Approach. Sort by deadline; sweep a clock; lateness = max(0, finish − deadline); track the max.
Go¶
package main
import (
"fmt"
"sort"
)
func minMaxLateness(jobs [][2]int) (order []int, maxLate int) {
idx := make([]int, len(jobs))
for i := range idx {
idx[i] = i
}
sort.SliceStable(idx, func(a, b int) bool { return jobs[idx[a]][1] < jobs[idx[b]][1] })
t := 0
for _, i := range idx {
t += jobs[i][0]
if t-jobs[i][1] > maxLate {
maxLate = t - jobs[i][1]
}
order = append(order, i)
}
return
}
func main() {
jobs := [][2]int{{3, 6}, {2, 8}, {1, 9}, {4, 9}, {3, 14}, {2, 15}}
order, late := minMaxLateness(jobs)
fmt.Println("order(idx) =", order, " maxLateness =", late) // maxLateness = 1
}
Java¶
import java.util.*;
public class MinMaxLateness {
static Object[] minMaxLateness(int[][] jobs) {
Integer[] idx = new Integer[jobs.length];
for (int i = 0; i < idx.length; i++) idx[i] = i;
Arrays.sort(idx, Comparator.comparingInt(a -> jobs[a][1])); // by deadline
int t = 0, maxLate = 0;
List<Integer> order = new ArrayList<>();
for (int i : idx) {
t += jobs[i][0];
maxLate = Math.max(maxLate, t - jobs[i][1]);
order.add(i);
}
return new Object[]{order, maxLate};
}
public static void main(String[] args) {
int[][] jobs = {{3,6},{2,8},{1,9},{4,9},{3,14},{2,15}};
Object[] r = minMaxLateness(jobs);
System.out.println("order(idx) = " + r[0] + " maxLateness = " + r[1]); // 1
}
}
Python¶
def min_max_lateness(jobs):
order = sorted(range(len(jobs)), key=lambda i: jobs[i][1]) # by deadline
t, max_late = 0, 0
for i in order:
t += jobs[i][0]
max_late = max(max_late, t - jobs[i][1])
return order, max_late
if __name__ == "__main__":
jobs = [(3, 6), (2, 8), (1, 9), (4, 9), (3, 14), (2, 15)]

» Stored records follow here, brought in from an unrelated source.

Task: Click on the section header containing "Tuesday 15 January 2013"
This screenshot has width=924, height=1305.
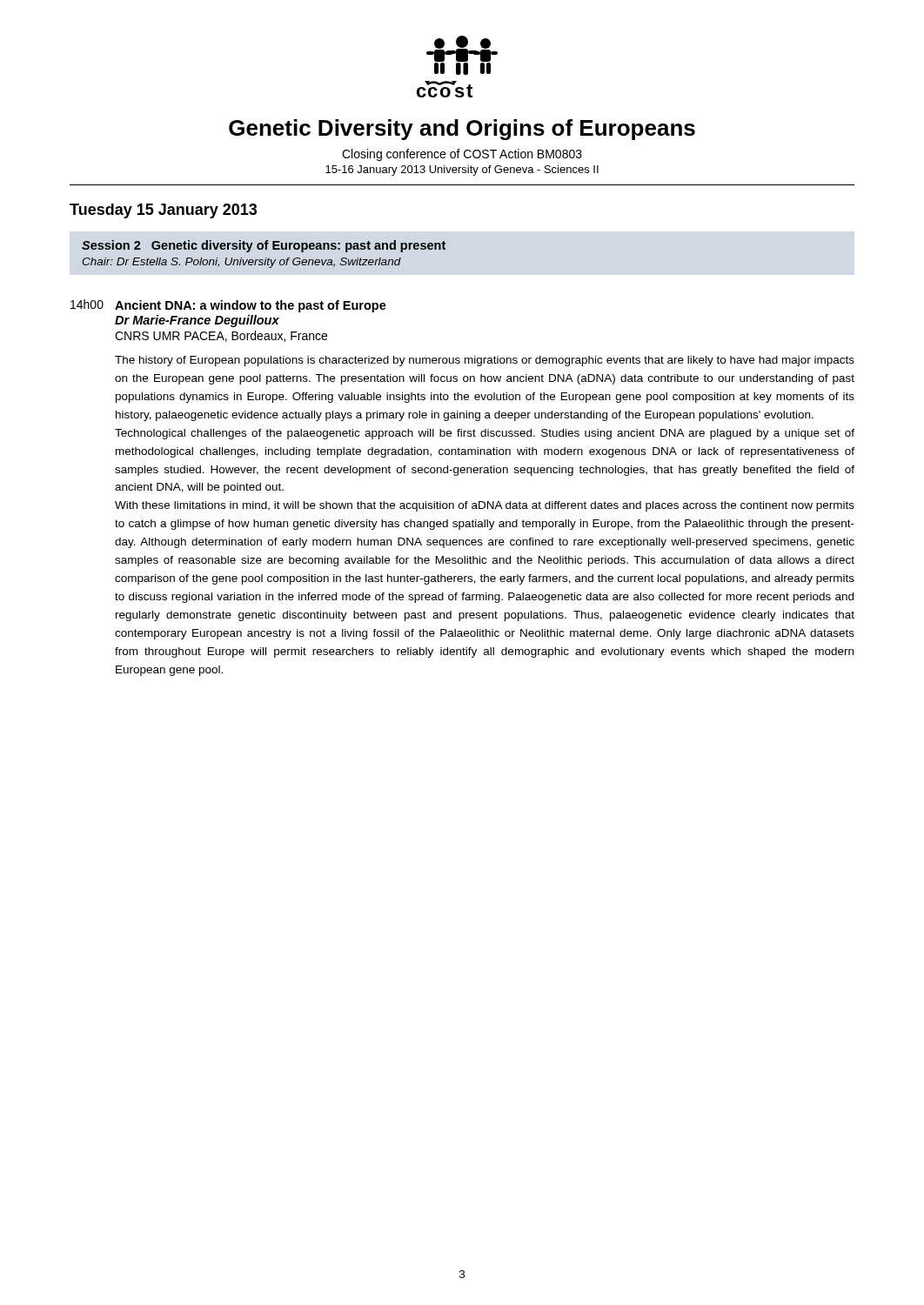Action: pyautogui.click(x=163, y=210)
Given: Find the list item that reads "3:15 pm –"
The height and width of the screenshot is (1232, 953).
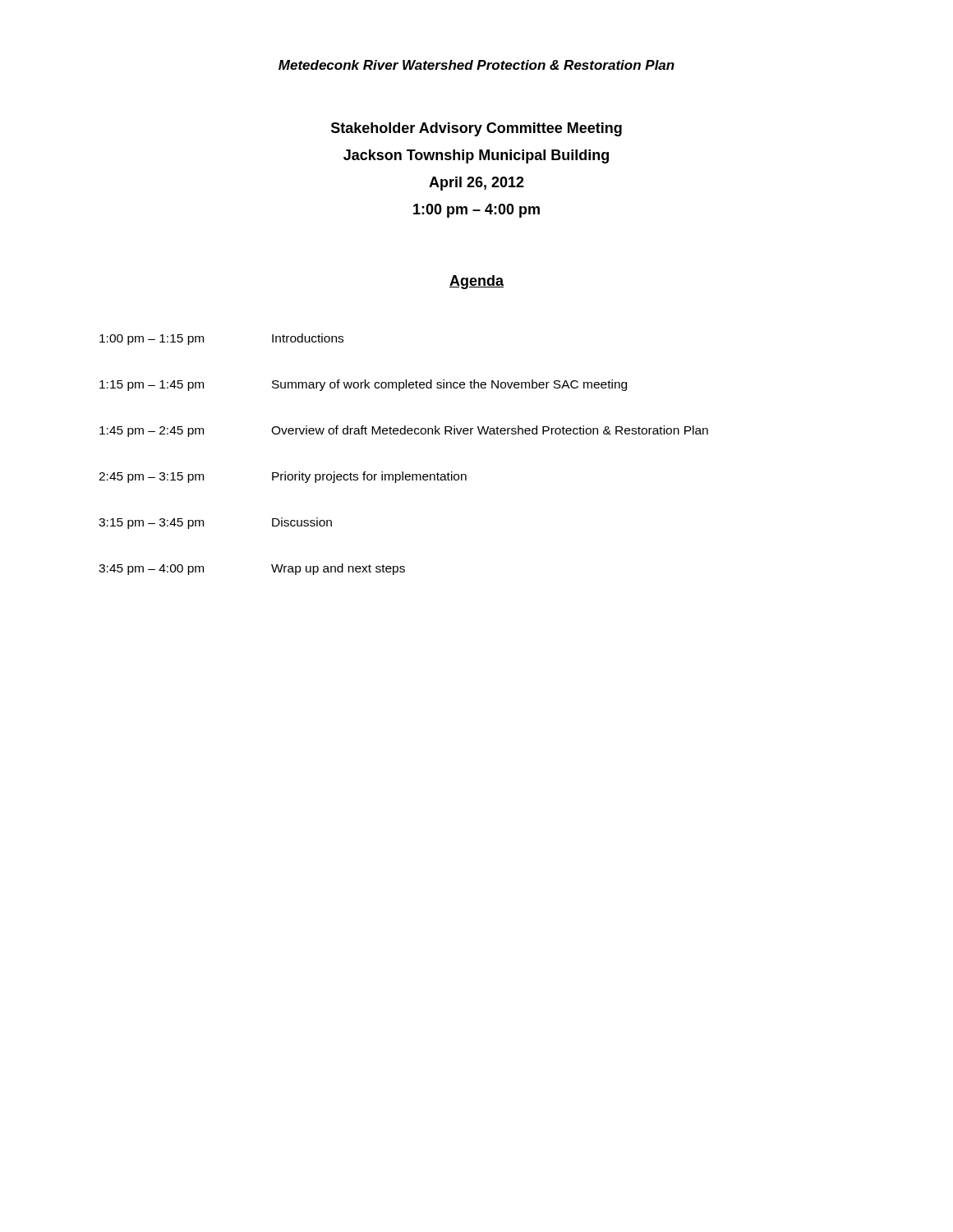Looking at the screenshot, I should point(162,523).

order, late = min_max_lateness(jobs)
print("order(idx) =", order, " maxLateness =", late) # 1
Rapid-Fire Review¶
| Prompt | Answer |
|---|---|
| Max count of compatible intervals | Greedy by finish time |
| Max weight of compatible subset | DP + binary search (greedy WRONG) |
| Fewest rooms for all intervals | Min-heap of end times = depth |
| Minimize max lateness | EDF (sort by deadline) |
| Min intervals to remove | n − activity_selection |
| Meeting Rooms II | Interval partitioning (heap) |
| Non-overlapping Intervals | Activity selection complement |
| Max Profit in Job Scheduling | Weighted interval DP |
| depth = | max overlap = min rooms = clique # of interval graph |
| EDF proof technique | Adjacent-inversion exchange argument |
| Activity selection proof | Greedy stays ahead (induction) |
| Why interval graphs color easily | They're perfect: χ = ω = depth |
| Complexity of all variations | O(n log n) (sort-bounded) |
| Half-open overlap test | a.s < b.f && b.s < a.f |
| When P → NP-hard | release times / ≥2 machines / total tardiness |
| Live depth with cancellations | range-add/range-max segment tree |
| Cardinal scheduler safety | atomic check-and-commit (no double-book) |
| Multi-machine "fits in k?" | depth ≤ k |
| EDF minimizes | the maximum lateness (not count of late jobs) |
| Min # of late jobs | Moore–Hodgson (different greedy) |
Final tip: in an interview, first classify the problem out loud — "this is interval partitioning because we must place all intervals and only choose the room count" — then state the engine, then code. Interviewers grade the classification as much as the code, because choosing greedy-vs-DP correctly is the entire skill this topic tests.